Tool/Trend Report Format
After searching, provide:
- Current landscape: What research methods/tools are popular NOW
- Emerging trends: New techniques or tools gaining traction
- Deprecated/declining: Methods that are losing effectiveness
- Recommendation: Based on fresh data and current practices
Example Topics (verify with fresh search)
- AI-powered research tools (Maze AI, Looppanel)
- Unmoderated testing platforms evolution
- Voice of Customer (VoC) platforms
- Analytics and behavioral tools (Hotjar, FullStory)
- Accessibility testing tools and standards
- Research repository and insight management
Templates
- Shared plan template: ../software-clean-code-standard/assets/checklists/ux-research-plan-template.md — Product-agnostic research plan template (core + optional AI)
- assets/research-plan-template.md — UX research plan template
- assets/testing/usability-test-plan.md — Usability test plan
- assets/testing/usability-testing-checklist.md — Usability testing checklist
- assets/audits/heuristic-evaluation-template.md — Heuristic evaluation
- assets/audits/ux-audit-report-template.md — Audit report
Evaluative Research Loop
For prototype-parity polishing (fast iteration when product is "almost ideal"), see references/evaluative-research-loop.md.
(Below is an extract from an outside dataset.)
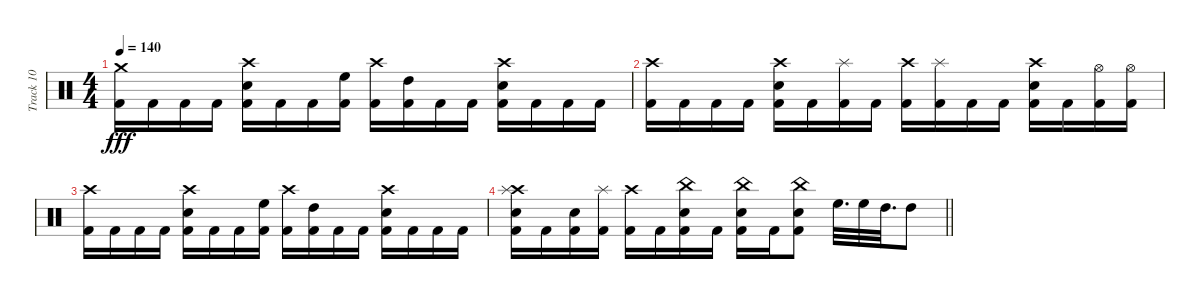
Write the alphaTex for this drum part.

Covers: two-surface audit, drift classification (layout/density/control/content/state), friction-based prioritization, banner/loading guardrails, localization-readiness checks, and fast iteration cadence.
Fact-Checking
- Use web search/web fetch to verify current external facts, versions, pricing, deadlines, regulations, or platform behavior before final answers.
- Prefer primary sources; report source links and dates for volatile information.
- If web access is unavailable, state the limitation and mark guidance as unverified.